Why technologists don't want to work at a government agency - rmason
http://ben.balter.com/2015/04/21/why-technologists-dont-want-to-work-at-your-agency/
======
therobot24
As someone who has worked for more than one agency, reading this list is like
listening to a high schooler complain about getting up early for school. Yes
it's a pain and there's lots of good reasons for change, but there's also
probably reasons you're not familiar with (or care about) that make it
necessary.

Also, some of these are really stretching:

>> 3\. You tether developers to their desk

Not having Wifi is a dealbreaker? I don't know about the author, but i became
an engineer because i wanted to build things. If the problem is interesting,
does it really matter if you can't go 'chill in the lobby' with your laptop?

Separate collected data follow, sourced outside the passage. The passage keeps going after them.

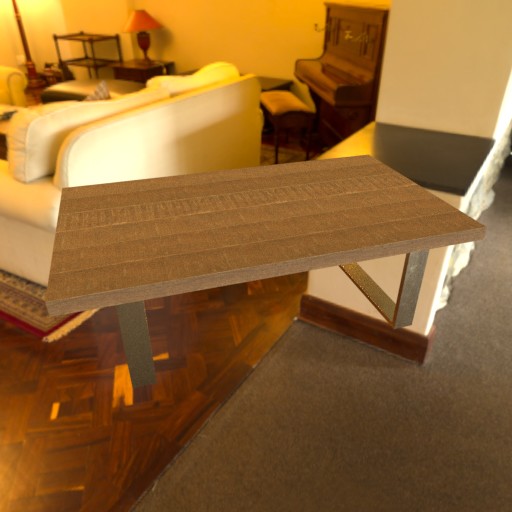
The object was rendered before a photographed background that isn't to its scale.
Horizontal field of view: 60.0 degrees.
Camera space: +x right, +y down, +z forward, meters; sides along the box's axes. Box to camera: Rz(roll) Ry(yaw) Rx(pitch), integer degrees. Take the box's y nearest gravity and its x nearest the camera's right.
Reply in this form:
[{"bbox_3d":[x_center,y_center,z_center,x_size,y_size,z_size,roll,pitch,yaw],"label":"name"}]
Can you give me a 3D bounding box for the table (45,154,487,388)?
[{"bbox_3d":[0.000,0.000,1.769,1.400,0.440,0.800,-9,33,-15],"label":"table"}]
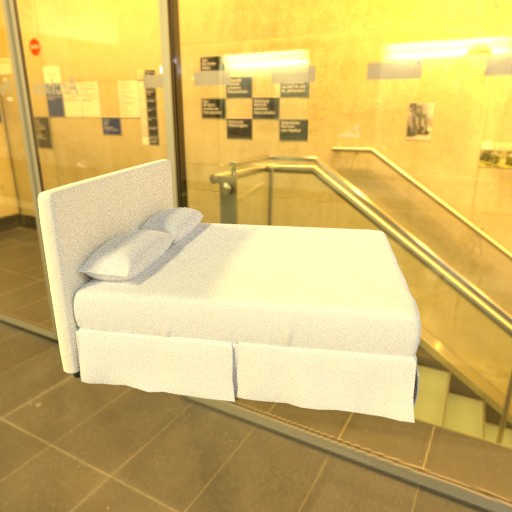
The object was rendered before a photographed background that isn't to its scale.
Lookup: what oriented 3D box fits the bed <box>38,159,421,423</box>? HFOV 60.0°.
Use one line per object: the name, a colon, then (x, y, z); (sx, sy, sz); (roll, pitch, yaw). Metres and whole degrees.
bed: (0.000, 0.000, 3.570); (2.341, 1.317, 2.119); (3, 18, 9)
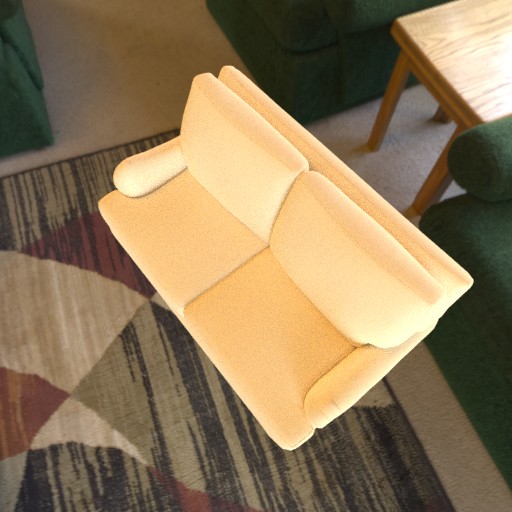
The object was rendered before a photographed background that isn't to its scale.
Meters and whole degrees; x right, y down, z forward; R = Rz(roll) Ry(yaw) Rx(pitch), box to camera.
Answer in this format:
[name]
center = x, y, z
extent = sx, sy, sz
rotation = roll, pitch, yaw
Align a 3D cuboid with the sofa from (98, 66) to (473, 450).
[sofa]
center = 0.000, 0.000, 2.525
extent = 1.084, 1.101, 1.853
rotation = -36, 69, -16
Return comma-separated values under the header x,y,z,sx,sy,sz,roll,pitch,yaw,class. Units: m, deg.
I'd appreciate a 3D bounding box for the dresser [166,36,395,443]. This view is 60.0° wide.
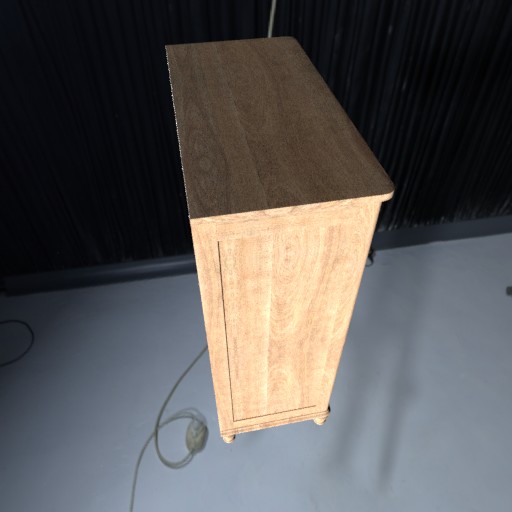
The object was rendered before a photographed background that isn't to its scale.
x,y,z,sx,sy,sz,roll,pitch,yaw,class
0.000,0.000,1.793,0.484,1.318,0.973,-8,47,-8,dresser
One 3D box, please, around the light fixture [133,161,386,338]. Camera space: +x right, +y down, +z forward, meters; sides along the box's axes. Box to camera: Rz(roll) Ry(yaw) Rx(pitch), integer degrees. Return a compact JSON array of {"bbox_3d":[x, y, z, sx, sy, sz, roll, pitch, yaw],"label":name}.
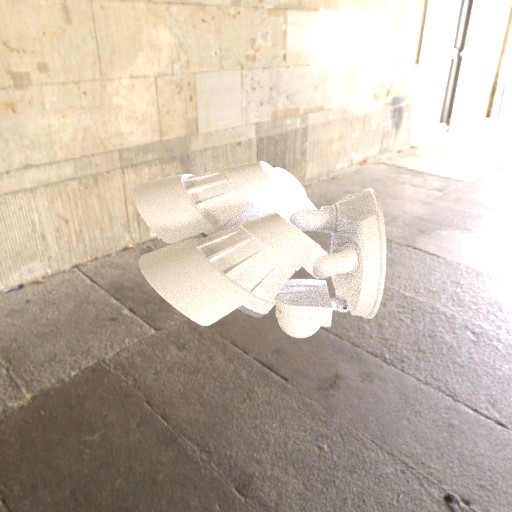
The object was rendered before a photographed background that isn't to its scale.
[{"bbox_3d":[0.000,0.000,0.554,0.278,0.237,0.369,0,27,0],"label":"light fixture"}]
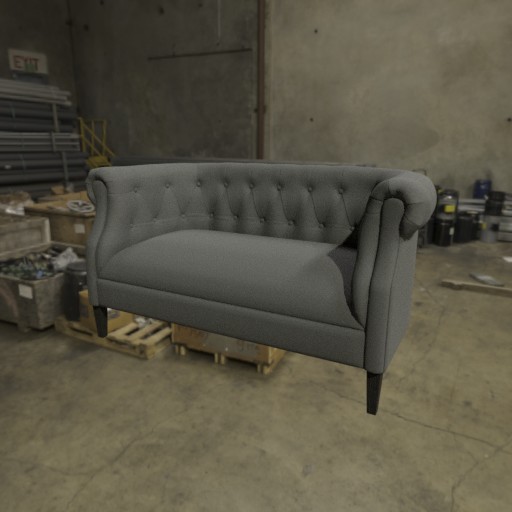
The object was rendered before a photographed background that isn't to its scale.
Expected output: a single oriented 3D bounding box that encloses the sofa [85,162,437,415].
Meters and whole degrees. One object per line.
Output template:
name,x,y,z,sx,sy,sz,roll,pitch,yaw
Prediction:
sofa,0.000,0.000,2.108,1.558,0.827,0.835,8,17,27
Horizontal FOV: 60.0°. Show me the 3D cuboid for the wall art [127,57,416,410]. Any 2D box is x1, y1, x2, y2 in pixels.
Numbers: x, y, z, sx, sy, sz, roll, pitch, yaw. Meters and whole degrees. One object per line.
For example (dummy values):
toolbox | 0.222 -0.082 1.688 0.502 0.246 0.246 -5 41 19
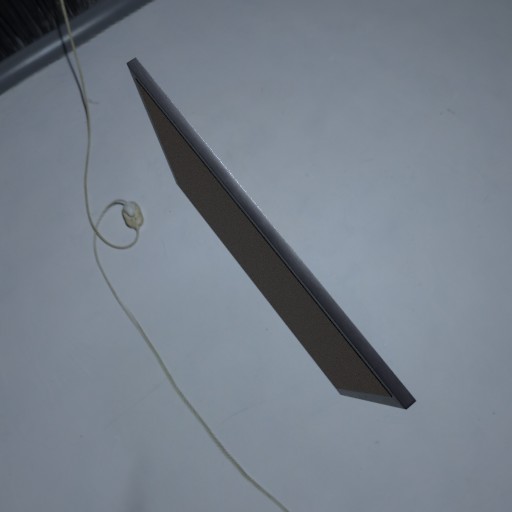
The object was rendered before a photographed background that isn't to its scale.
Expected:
wall art | 0.000 0.000 0.575 0.013 0.306 0.440 -36 78 -9
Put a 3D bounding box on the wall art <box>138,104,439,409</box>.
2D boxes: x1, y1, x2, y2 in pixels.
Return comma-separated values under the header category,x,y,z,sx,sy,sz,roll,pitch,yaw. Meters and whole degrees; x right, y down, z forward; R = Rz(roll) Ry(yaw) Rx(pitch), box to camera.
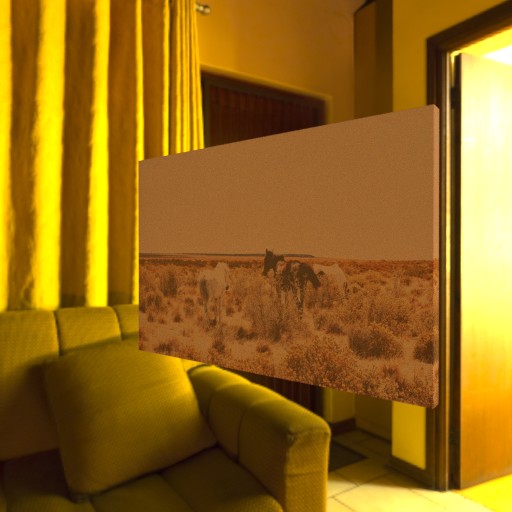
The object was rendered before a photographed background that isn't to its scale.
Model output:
category,x,y,z,sx,sy,sz,roll,pitch,yaw
wall art,0.000,0.000,1.463,1.138,0.761,0.051,0,0,36
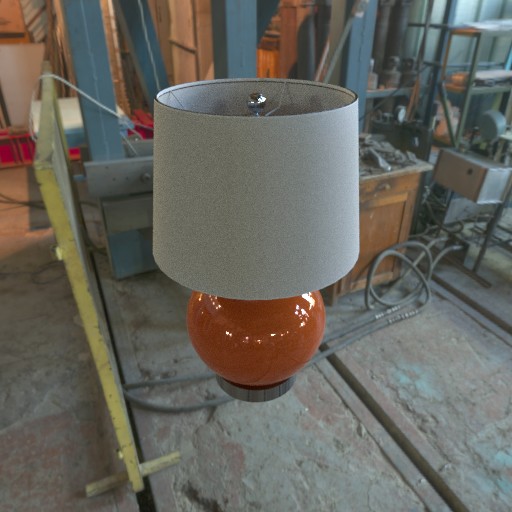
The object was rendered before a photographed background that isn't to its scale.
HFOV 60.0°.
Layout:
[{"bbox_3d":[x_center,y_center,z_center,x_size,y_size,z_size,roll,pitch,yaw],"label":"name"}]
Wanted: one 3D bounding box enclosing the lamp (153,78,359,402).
[{"bbox_3d":[0.000,0.000,0.551,0.247,0.387,0.247,0,30,0],"label":"lamp"}]
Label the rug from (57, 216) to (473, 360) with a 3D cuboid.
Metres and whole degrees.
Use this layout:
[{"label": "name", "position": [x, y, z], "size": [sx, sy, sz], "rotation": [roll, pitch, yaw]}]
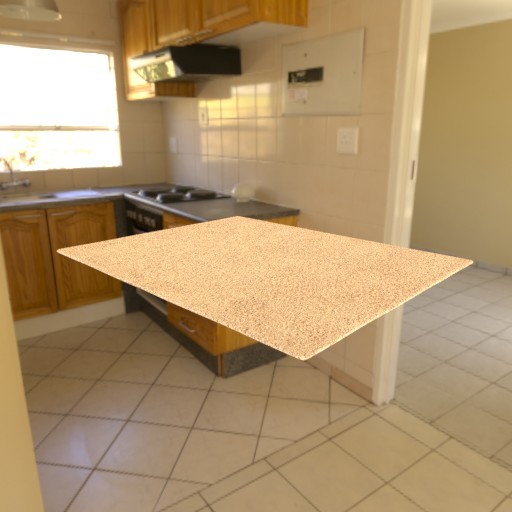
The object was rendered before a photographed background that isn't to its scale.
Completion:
[{"label": "rug", "position": [0.000, 0.000, 4.118], "size": [3.047, 0.029, 2.438], "rotation": [15, 22, 42]}]
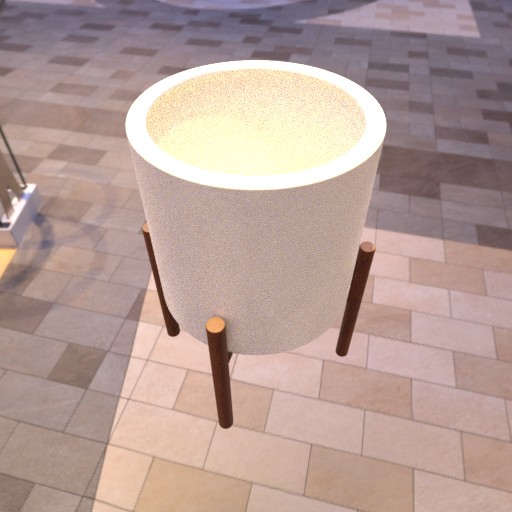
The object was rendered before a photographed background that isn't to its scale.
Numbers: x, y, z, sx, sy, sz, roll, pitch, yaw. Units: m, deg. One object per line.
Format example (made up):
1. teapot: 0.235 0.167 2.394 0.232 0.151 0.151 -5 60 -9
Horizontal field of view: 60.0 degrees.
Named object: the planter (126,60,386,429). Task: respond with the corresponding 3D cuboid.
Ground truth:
1. planter: 0.000 0.000 0.960 0.417 0.670 0.417 -24 50 -22
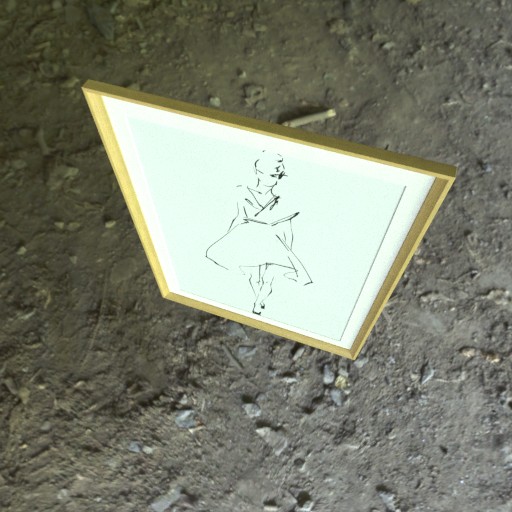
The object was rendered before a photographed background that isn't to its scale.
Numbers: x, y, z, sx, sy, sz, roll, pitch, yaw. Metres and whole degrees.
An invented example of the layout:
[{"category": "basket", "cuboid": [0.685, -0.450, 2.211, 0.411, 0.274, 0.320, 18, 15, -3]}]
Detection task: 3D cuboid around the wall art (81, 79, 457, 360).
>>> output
[{"category": "wall art", "cuboid": [0.000, 0.000, 1.326, 0.798, 1.002, 0.030, 17, 59, 10]}]
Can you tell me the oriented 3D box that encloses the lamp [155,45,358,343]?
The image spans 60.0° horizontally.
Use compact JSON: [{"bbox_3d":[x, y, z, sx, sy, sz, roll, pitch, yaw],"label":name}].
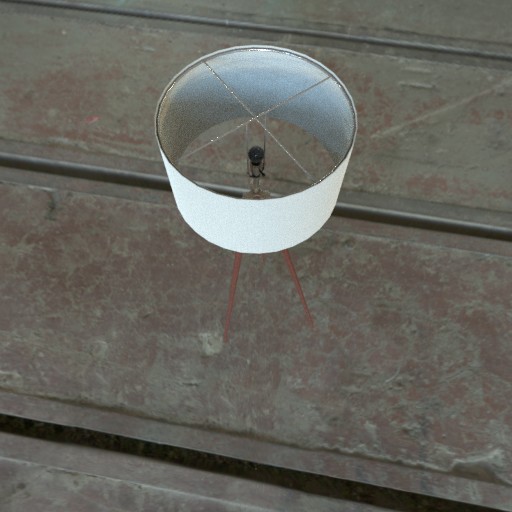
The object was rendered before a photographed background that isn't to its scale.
[{"bbox_3d":[0.000,0.000,1.757,0.483,1.553,0.483,-33,69,-15],"label":"lamp"}]
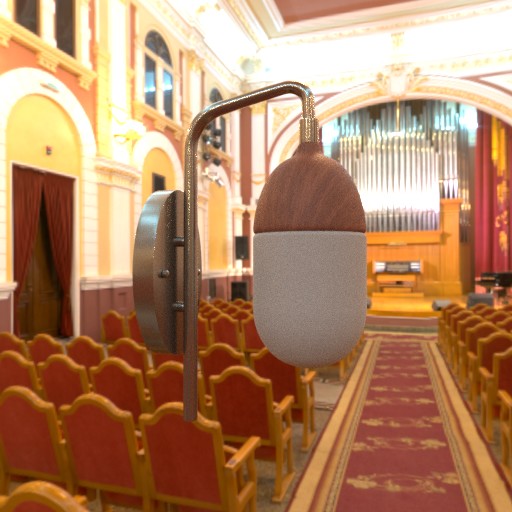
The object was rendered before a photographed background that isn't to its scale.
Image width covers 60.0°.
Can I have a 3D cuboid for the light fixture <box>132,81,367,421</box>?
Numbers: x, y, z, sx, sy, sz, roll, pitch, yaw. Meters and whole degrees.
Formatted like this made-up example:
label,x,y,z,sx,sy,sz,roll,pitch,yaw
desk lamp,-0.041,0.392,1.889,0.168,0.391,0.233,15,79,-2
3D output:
label,x,y,z,sx,sy,sz,roll,pitch,yaw
light fixture,0.000,0.000,0.445,0.216,0.343,0.108,0,0,18
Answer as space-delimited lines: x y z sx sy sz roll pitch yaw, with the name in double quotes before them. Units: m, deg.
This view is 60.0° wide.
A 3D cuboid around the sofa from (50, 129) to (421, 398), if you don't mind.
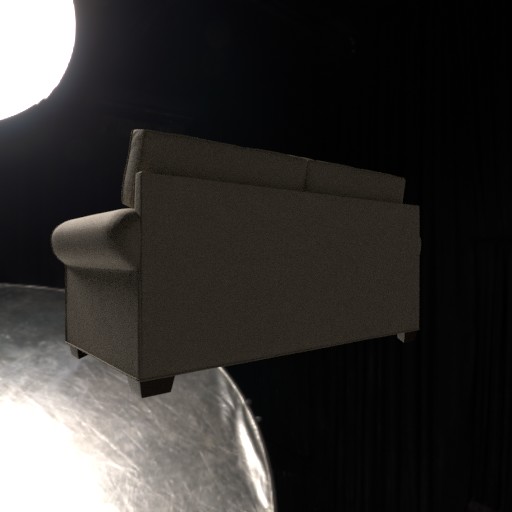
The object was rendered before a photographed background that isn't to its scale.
"sofa" 0.000 0.000 2.265 1.774 0.933 0.861 0 0 -38

>> 10\. New technologies are guilty until proven innocent

When managing anything that can vitally affect many people it's important to
not just jump on the next bandwagon. This is engineering 101.

>> 13\. Speaking at conferences is tightly controlled

What? Are you talking about OPSEC procedures or travel limitations or what
exactly?

>> 16\. You measure your hiring process in months

Your freaky fast startup is what...5..100 employees? Come on, an agency (while
can be small) is part of something much much larger. Also many agencies
require a full background check and/or security clearance.

>> 18\. Recruitment is unheard of

Just because you're not getting spam from NASA or your local gov about an
'exciting opportunity to change the world' doesn't mean agencies don't attend
job fair, offer scholarships, and recruit talent.

>> 19\. You block half the internet - I honestly don’t know how I’d do my job
without social networks like Twitter.

Really? "It’s not unsurprising that many government employees are out of the
loop", like we can't or won't read/browse/learn things on our own time. Get
off your petastle.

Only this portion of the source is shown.